Save-AzureVMImage -ServiceName $serviceName -Name $computerName
-ImageName $serviceName -OSState Specialized
Then create clones (Tips: Run the command line and go get some tea).
$endpoints = Get-AzureVM -ServiceName $serviceName | Get-AzureEndpoint
For ($i=0; $i -lt $cloneCount; $i++)
{
$baseNameLen = [System.Math]::Min
(15 - $i.ToString().Length, $computerName.Length + $i.ToString().Length)
$cloneName = $computerName.SubString(0,$baseNameLen) + $i
$vmconfig = New-AzureVMConfig -Name $cloneName -InstanceSize "Basic_A2" -ImageName $serviceName
Foreach ($endpoint in $endpoints)
{
$vmconfig | Add-AzureEndpoint -Name $endpoint.Name
-LocalPort $endpoint.LocalPort -PublicPort $endpoint.Port -Protocol $endpoint.Protocol
}
$vmconfig | New-AzureVM -ServiceName ($serviceName + $i) -Location "West Europe"
}
Now, let’s admit that there are 160 blk files in the folder to index. Then, the machine i
will start indexing from blk file i
and index 10 blk files. In other words, the following command line:
$jobs = @()
$blkCount = 160
$blkPerMachine = [System.Math]::Floor($blkCount / $cloneCount)
For ($i=0; $i -lt $cloneCount; $i++)
{
$password = ConvertTo-SecureString $machinePassword -AsPlainText -Force
$creds = New-Object System.Management.Automation.PSCredential ($machineLogin, $password)

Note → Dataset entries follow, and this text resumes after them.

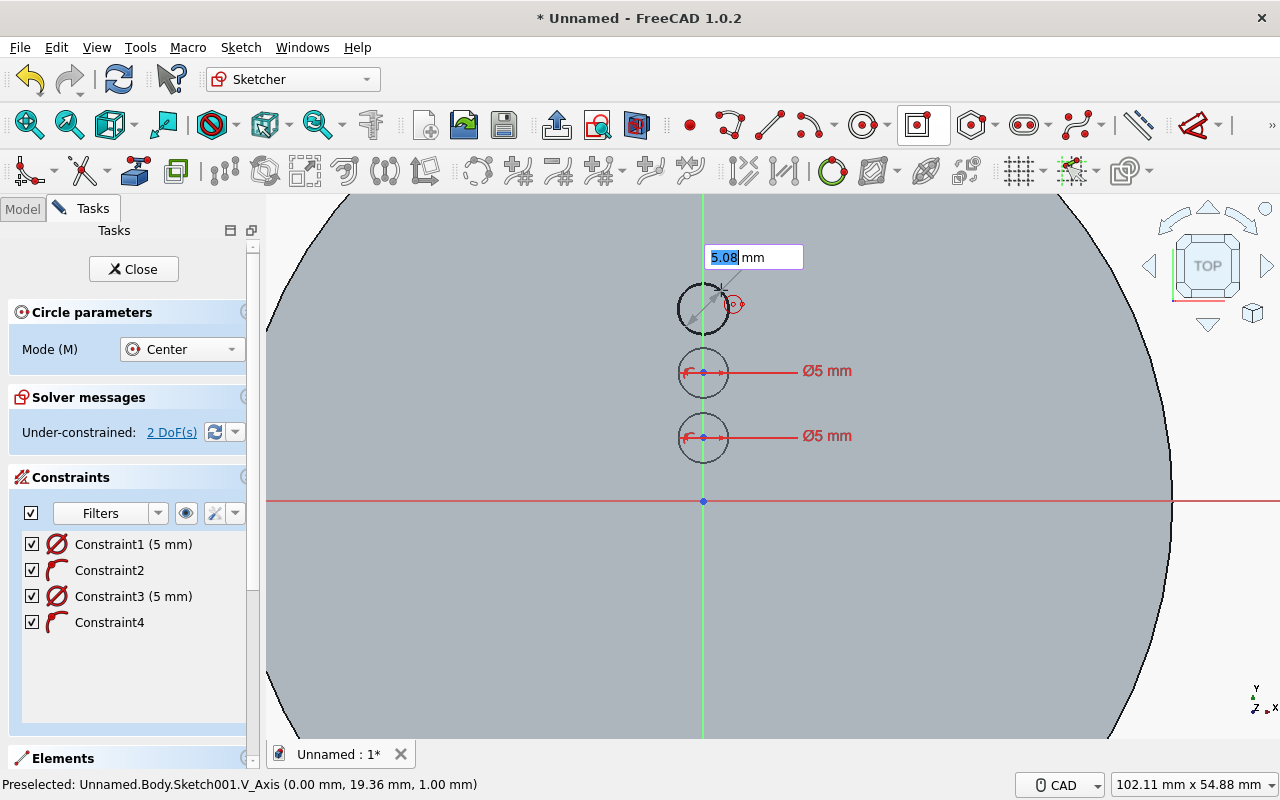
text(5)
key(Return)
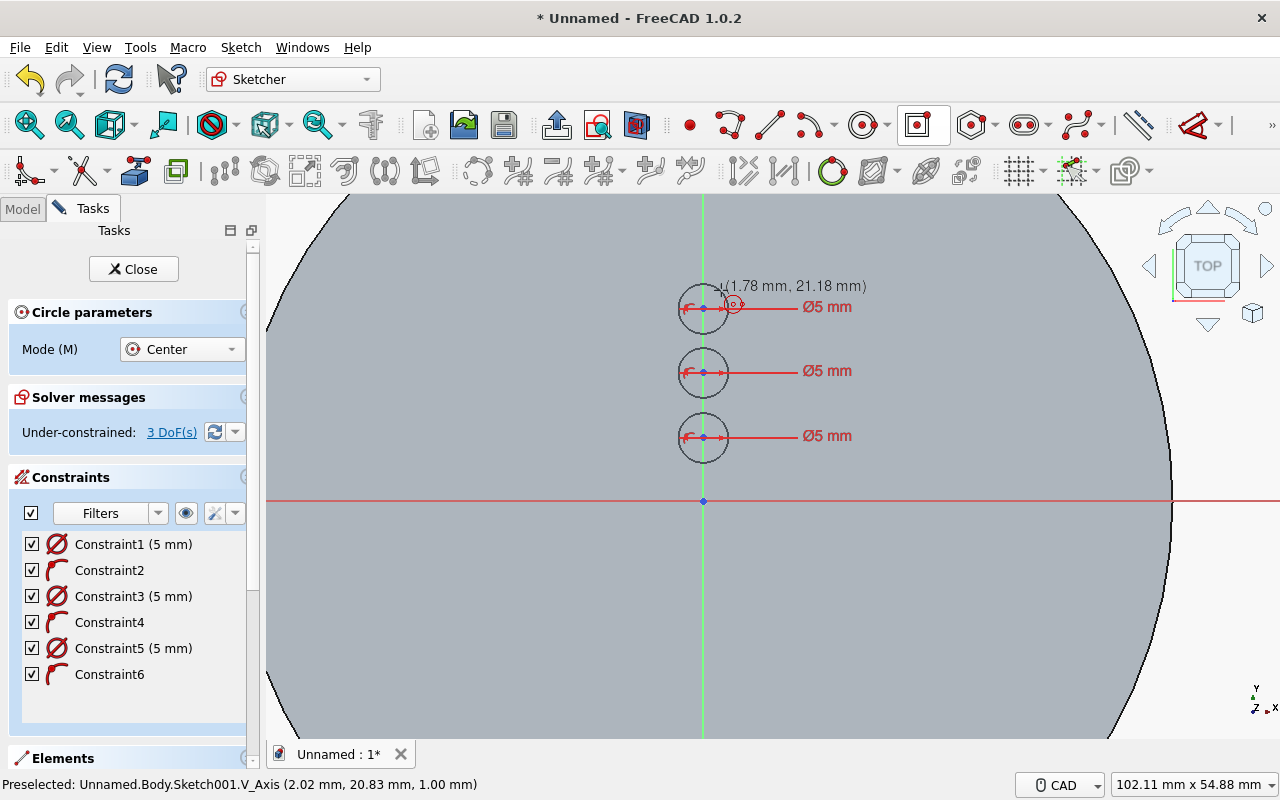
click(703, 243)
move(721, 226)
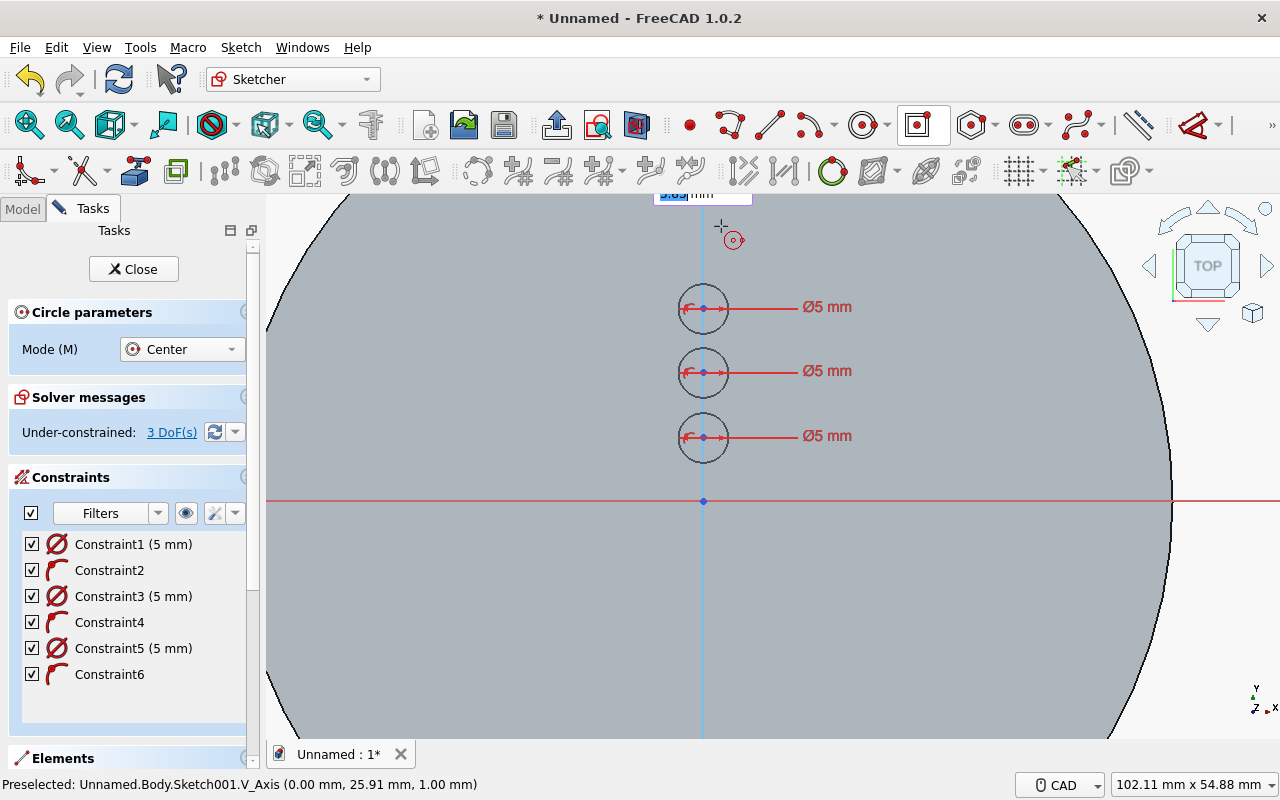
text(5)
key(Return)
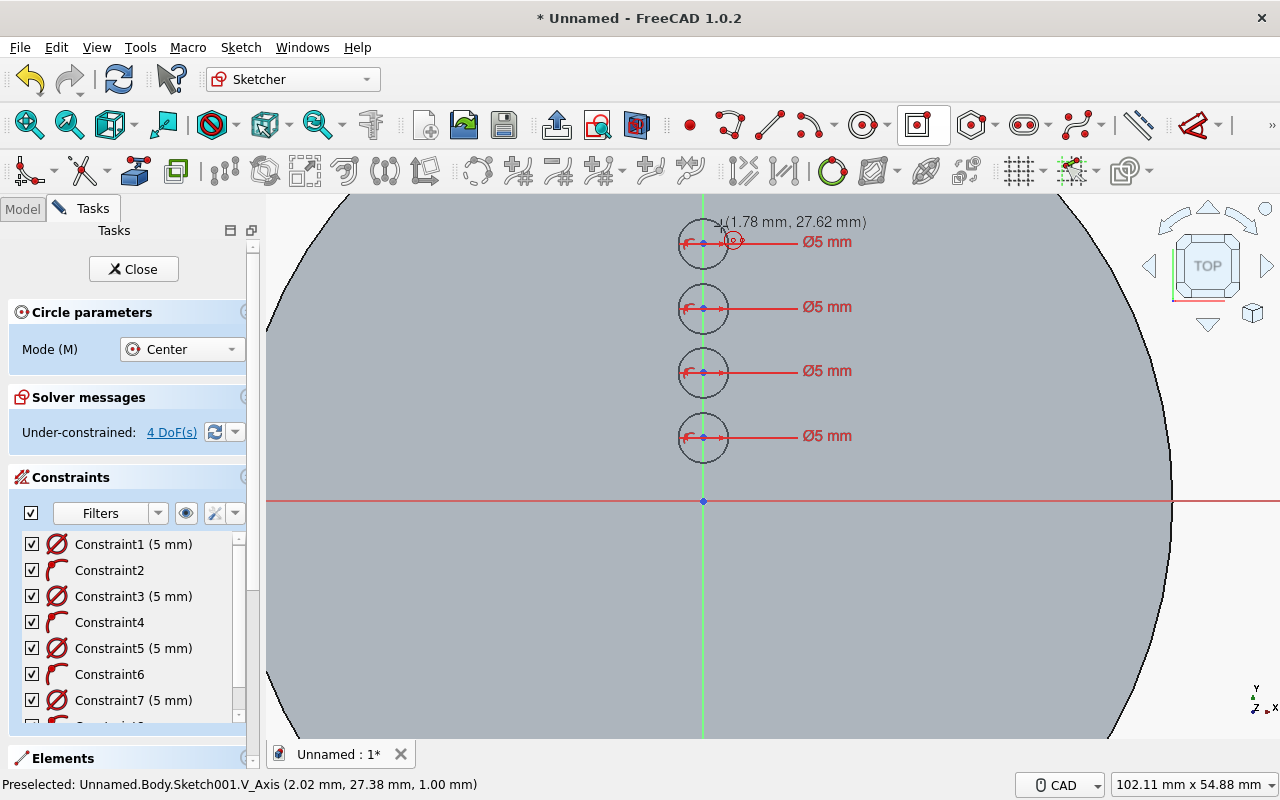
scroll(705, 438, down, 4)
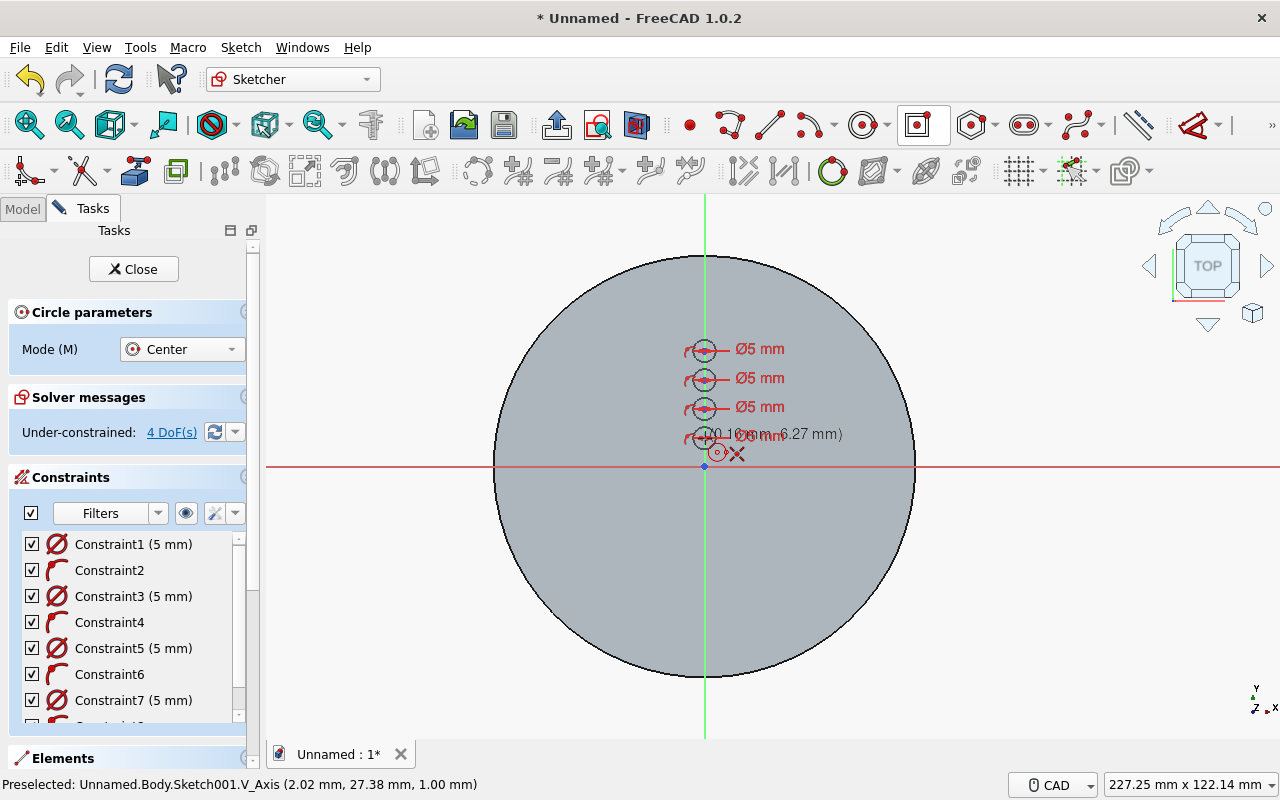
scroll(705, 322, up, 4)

$sessionOptions = New-PSSessionOption -SkipCACheck -SkipCNCheck
$session = New-PSSession -ConnectionUri
("https://" + $serviceName + $i + ".cloudapp.net:"+$port+"/wsman")
-Credential $creds -SessionOption $sessionOptions
$job = Invoke-Command -Session $session -AsJob -ArgumentList $i -Scriptblock {
param($locali)
cd "E:/Indexer.Console"
NBitcoin.Indexer.Console.exe -b -t -a -m -FromBlk ($locali * $blkPerMachine) -CountBlk $blkPerMachine
}
$jobs = $jobs + $job
}
Then let's monitor all of that by writing in files named C:/output $i.txt.
while($TRUE)
{
$i = 0;
foreach($job in $jobs){
Receive-Job -Job $job 2>&1 >> ("c:\output"+$i+".txt")
$i++
}
Start-Sleep -s 5
}
Surely enough, all of that can be done by hand (doing 16 times the same thing is not that long), and you need to do it only once for the initial indexing. But my selfish reason was that I wanted to do some Azure and Powershell because it's cool.
In how much time can you index the whole blockchain? It depends on how many machines you are ready to fire up. But I expect 16 machines to index everything in less than 3 hours.
One last advice, you will likely need a tool to manage your machines if there is any problem. So I advice you to use my third party tool IaaS Management Studio, it will permit to pause, connect, and trash disks of your clones more easily.
Conclusion
I intend to improve the indexer with Stealth Address support (if known scankey), Colored Coins support, then I'll think about a solution to make you extend that with your own Scanner. I will also add a JSON API to easily create web portals like blockchain.info
on top of it. If you want to speed up development, vote with your wallet at 15sYbVpRh6dyWycZMwPdxJWD4xbfxReeHe.